本发明提供一种同源假基因变异检测的方法,根据最新更新的基因序列构建参考基因集;随机获取正常样本原始数据创建对照集;对对照集正常样本原始数据与所述参考基因集进行数据比对,得到对照集比对结果;并对对照集中的每个样本进行变异检测,构建对照集变异位点频率数据;获取实测样本原始数据,对所述实测样本数据与参考基因集进行数据比对,并对实测样本比对结果进行变异位点检测,得到实测样本变异位点检测结果;将所述实测样本变异位点检测结果与所述对照集变异位点频率数据进行位点比对筛查,得到实测样本的基因变异位点。与现有技术相比,本方法能够解决参考基因组序列和基因序列更新不同步,提升基因位点变异检测的准确性,缩短检测周期。

Description

一种同源假基因变异检测的方法 技术领域
本发明涉及生物学与精准医学基因检测领域,具体涉及一种同源假基因变异检测的方法。
背景技术
目前生物学与精准医学领域,对临床个体进行基因病进行临床诊断时,通常需要进行个人的基因检测,常用检测方法是进行全基因组测序(WGS),全外显子测序(WES)和目标区域测序(TRS),相关分析流程如下:1)高通量测序完成后,获得基因组的短片段序列信息;2)与参考基因组进行序列比对,定位每一条短序列的基因组坐标;3)对比对的结果进行基因组坐标排序,去重,重排以及碱基质量矫正;4)对基因组的每个碱基进行变异检测,并进行基因型评估;5)最终得到个人的基因组变异检测结果。
目前该技术已经成为新一代基因测序技术(NGS技术)即高通量测序技术检测个人样本基因变异的推荐流程。但是目前该技术仍然存在一些问题,如
1)该技术依赖参考基因组(reference genome),目前参考基因组版本为基因组参照序列联盟人类基因组38版本(Genome Reference Consortium Human Genome Build 38,GRCh38)。基因组更新速率较慢,而随着研究的深入,发布的人类基因的参考序列不断更新,造成了参考基因组序列和最新的基因序列间存在不同步的问题。
如图1所示NCBI_chr22_NM033517.1标注序列是基于GRCh38基因组提取SHANK3目标基因区的序列;NM_033517.1标注序列为美国国家生物信息中心(National Center for Biotechnology Information,NCBI)数据库收录的SHANK3的目标基因区的最新编码序列。根据比对结果,来源于GRCh38基因组的SHANK3基因与来源于NCBI数据库收录的SHANK3基因在关键位点存在显著差异。
2)同源序列会造成变异检测假阳性,假阴性问题。由于人类参考基因组中,存在大量的同源区域,例如同源基因,假基因等,而目前的NGS技术的局限,所测序的序列通常较短,在进行全基因组范围的序列比对时,由于同源区域所造成的,会存在非唯一比对的发生,会导致很多变异假阳性的发生。
如图2所示,脊髓性肌萎缩症(SMA)的两个关联基因运动神经元存活基因1(SMN1)和运动神经元存活基因2(SMN2)为同源基因,差异碱基位点只有5个碱基。

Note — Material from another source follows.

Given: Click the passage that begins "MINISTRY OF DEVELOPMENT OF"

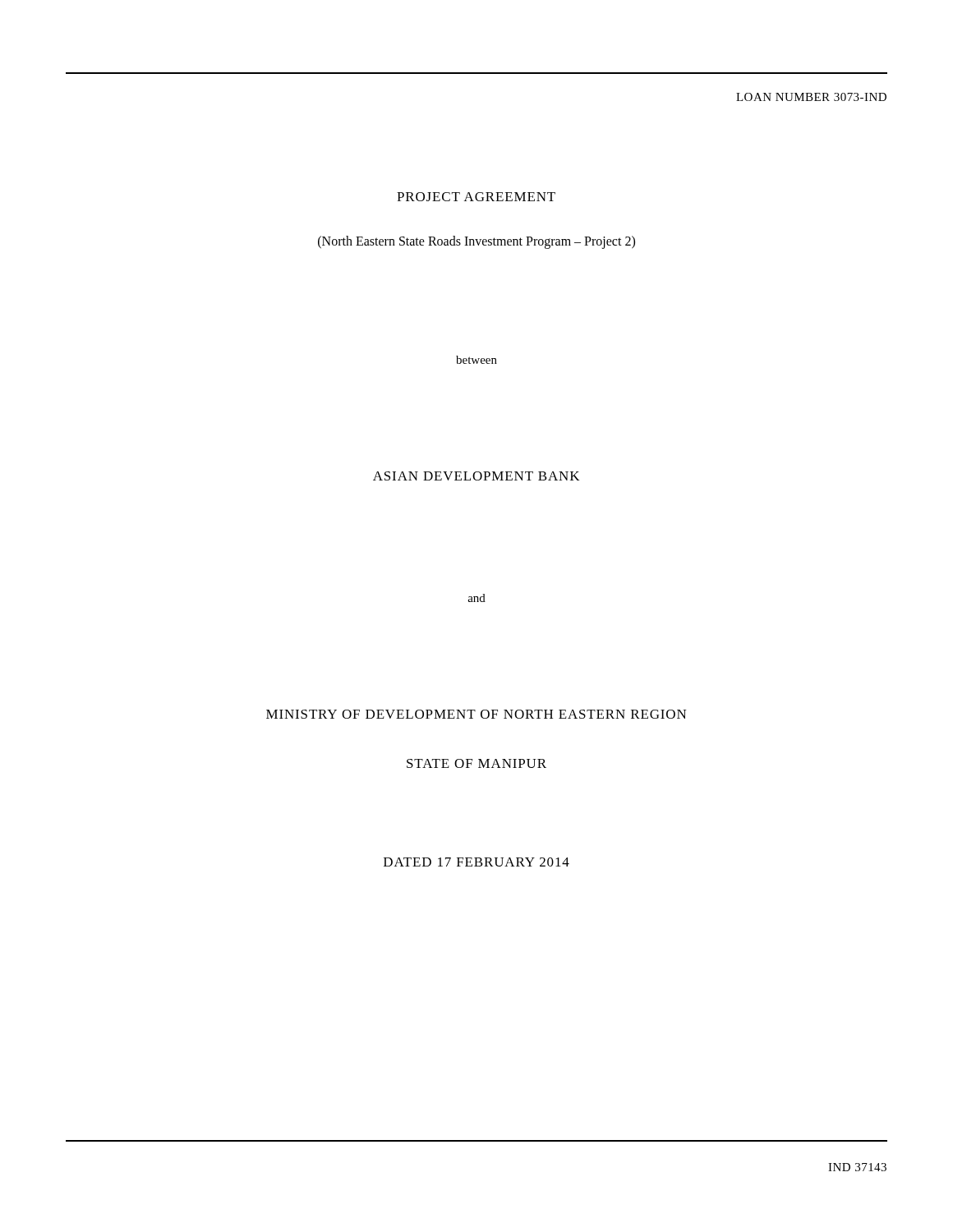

如图3所示,当将这两个基因与人类参考基因组GRCh38进行比对时,序列会因为同源区比对,导致真实变异无法确认来源而被过滤。而与NCBI数据库最新更新的基因序列比对时可以发现在SMN1的Exon1同源区检到一个插入变异。
3)由于人类参考基因组大小约3GB个碱基对,序列比对比较耗时,因此造成临床样本的基因变异检测周期较长。
发明内容
本发明目的在于提供一种同源假基因变异检测的方法,用于解决目前常用的参考基因组序列与更新的基因序列不同步的问题,同时解决同源区域比对异常造成的变异检测不准确问题;也用于解决目前检测时间周期较长的问题。

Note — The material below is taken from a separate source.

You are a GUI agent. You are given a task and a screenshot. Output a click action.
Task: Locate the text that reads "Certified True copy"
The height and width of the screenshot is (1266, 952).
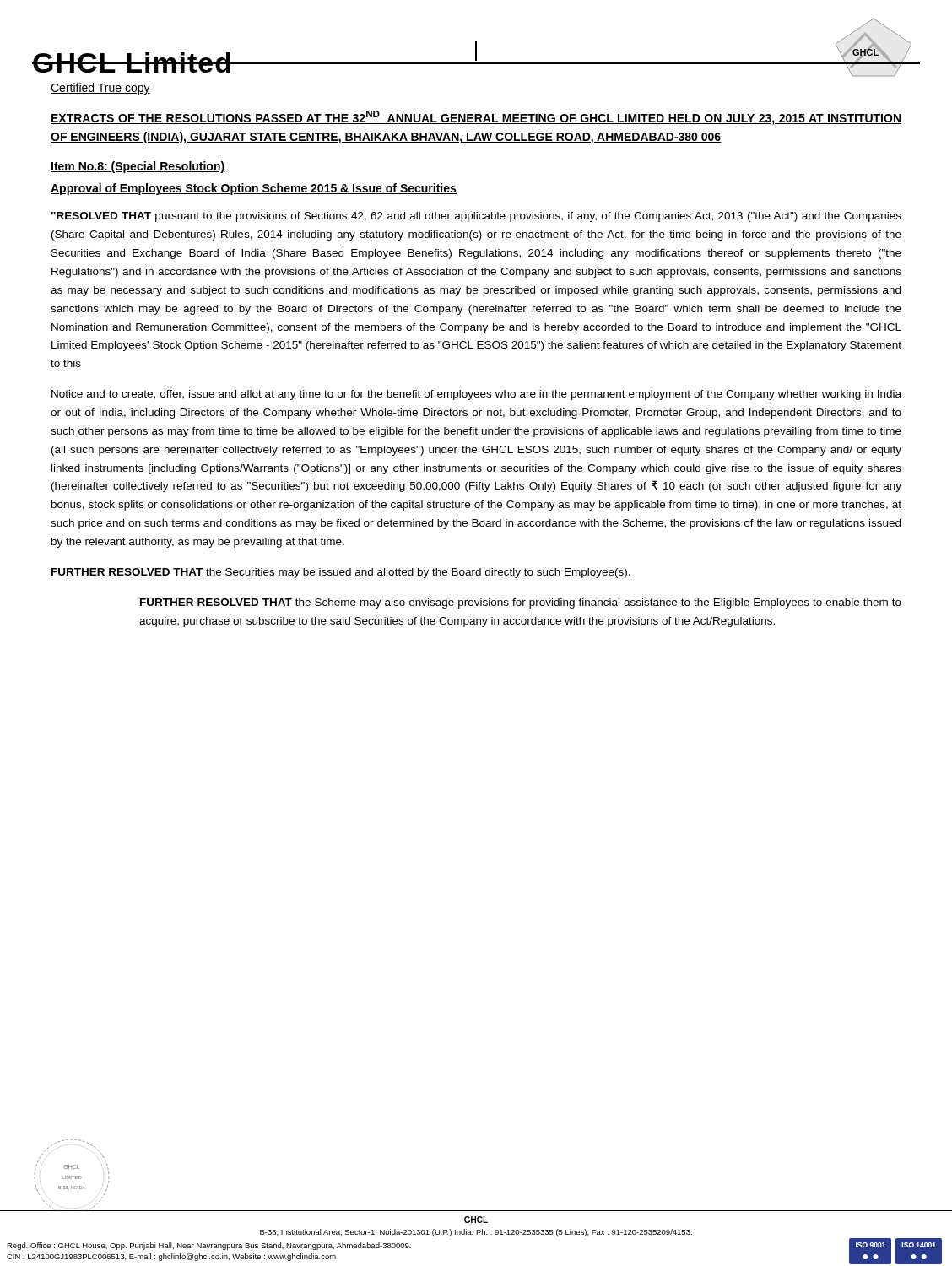click(100, 88)

为达成上述目的,本发明提出如下技术方案:一种同源假基因变异检测的方法,包括以下步骤:1)根据NCBI数据库的基因序列选取真基因构建参考基因集;2)随机获取正常样本原始数据创建对照集,对对照集正常样本原始数据与参考基因集进行数据比对,得到对照集比对结果;3)根据所述对照集比对结果,对对照集中的的每个样本进行变异检测,构建对照集变异位点频率数据;4)获取实测样本原始数据,对所述实测样本数据与所述参考基因集进行数据比对,得到实测样本比对结果;对所述实测样本比对结果进行变异位点检测,得到实测样本变异位点检测结果;5)将所述实测样本变异位点检测结果与所述对照集变异位点频率数据进行位点比对筛查,去除假阳性位点,得到实测样本的变异位点。
本申请中通过自主根据美国国家生物信息中心(National Center for Biotechnology Information,NCBI)数据库最新更新的基因全长序列构建参考基因集,首先可以避免当前已发布的人类参考基因组序列,与不断更新的基因序列间的不同步问题,提高变异检测的准确性。

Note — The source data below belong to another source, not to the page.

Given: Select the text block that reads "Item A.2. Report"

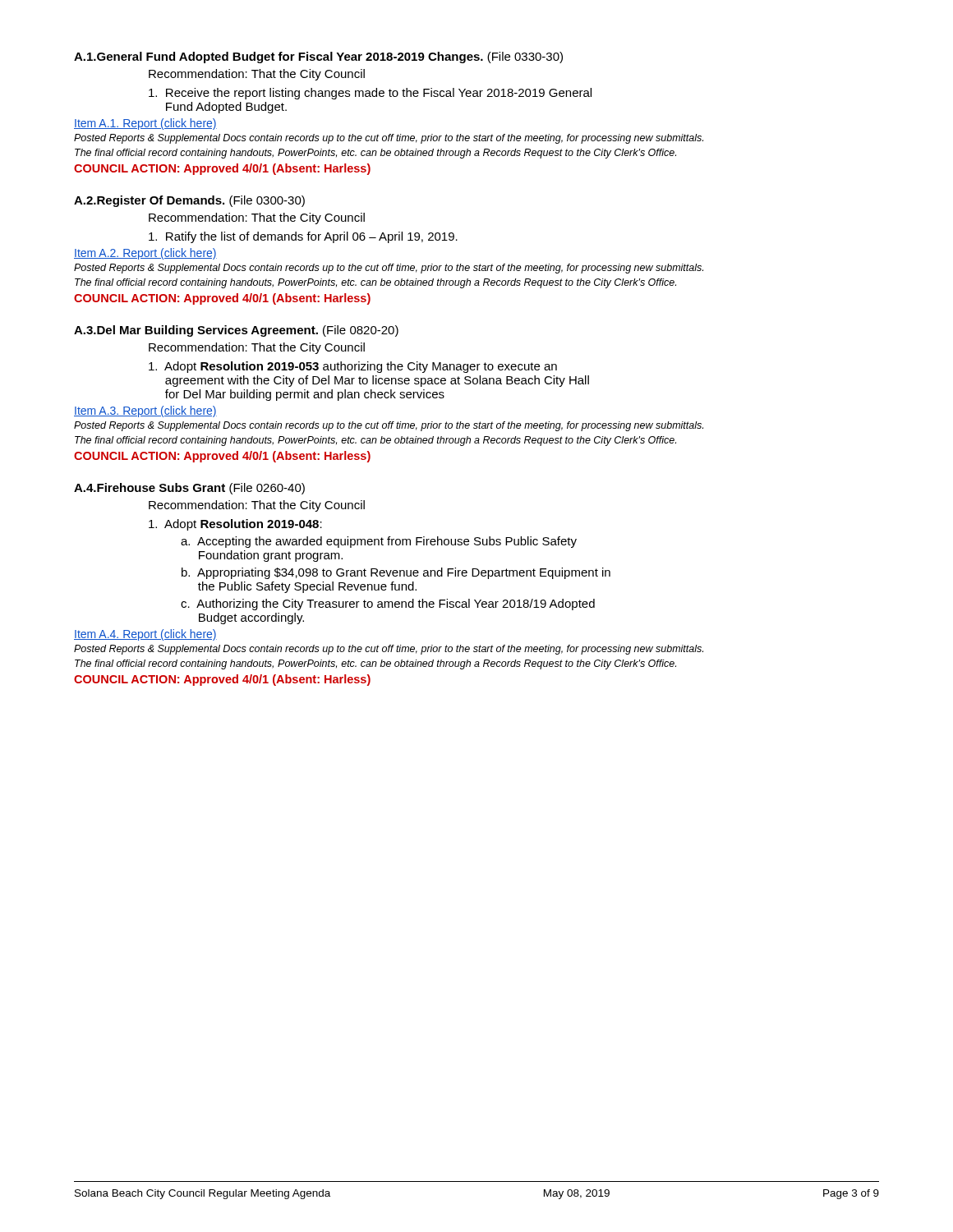Looking at the screenshot, I should (476, 253).
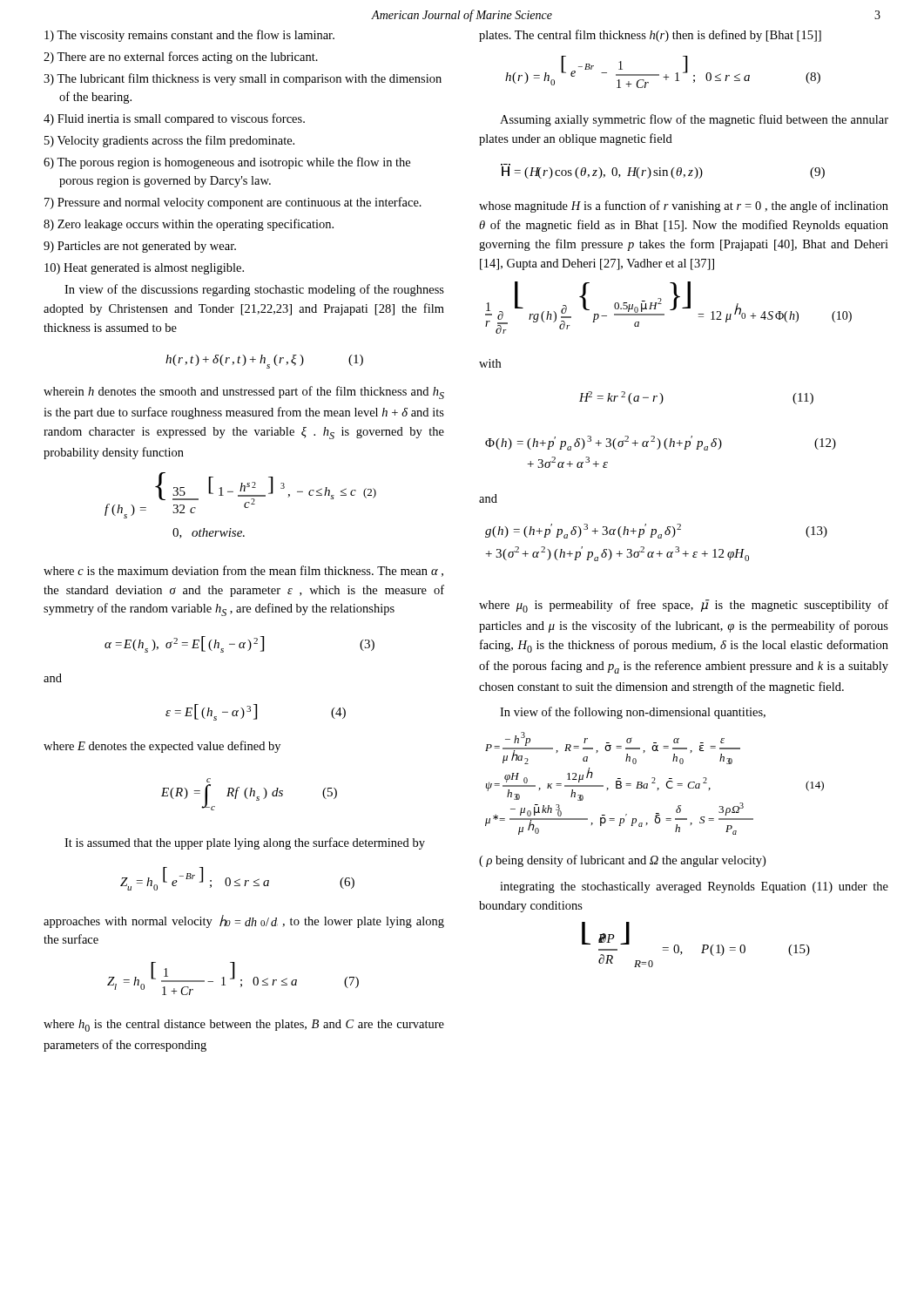
Task: Where is the passage that starts "approaches with normal velocity ḣ0=dh0/dt , to the"?
Action: tap(244, 930)
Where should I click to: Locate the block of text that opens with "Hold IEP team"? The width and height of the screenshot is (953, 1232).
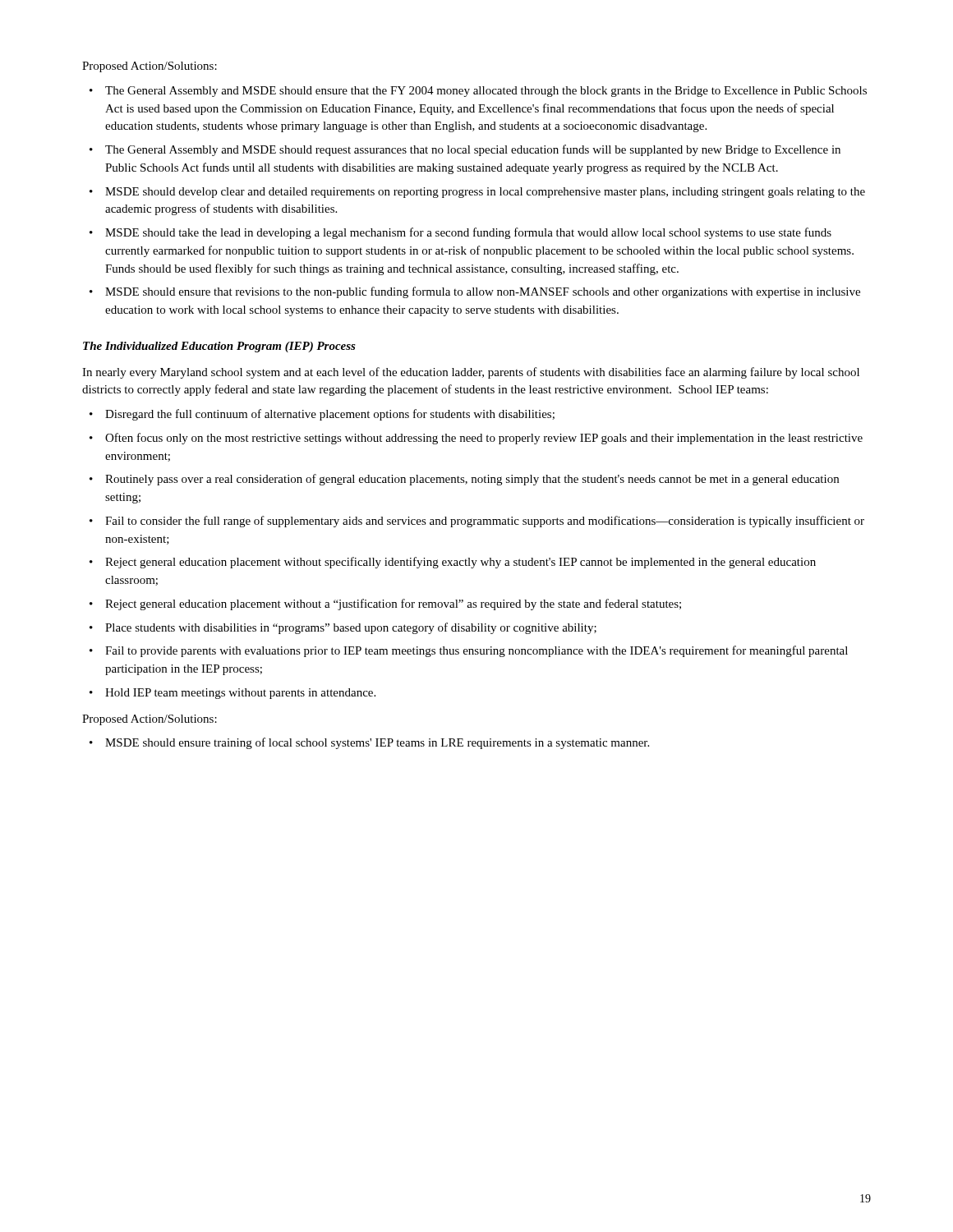pos(241,692)

同时基于目前常用的GRCh38版本的参考基因组中涵盖了所有的基因序列信息、真基因、假基因以及同源基因等,在进行样本比对时,样本中基因的存在的假基因、同源基因会造成对变异位点造成假阳性判断或来源无法识别造成变异遗漏的情况。本申请中自主根据NCBI数据库最新更新的基因全长序列构建参考基因集中只提取了真基因,基于比对的高匹配度,在进行样本比对时一般为样本中的真基因和参考基因集中的真基因比对,提高了样本对比的准确性,可以有效避免因为同源基因或假基因对真基因变异检测的影响。
其次因为目前常用的GRCh38版本的参考基因组因包含了基因间序列和无用的序列,其大小约3GB个碱基对,而本申请自主构建的参考基因集仅包含了真基因序列,其大小仅为1GB个碱基对,在进行样本比对时,能够大大提高比对效率,缩短检测周期。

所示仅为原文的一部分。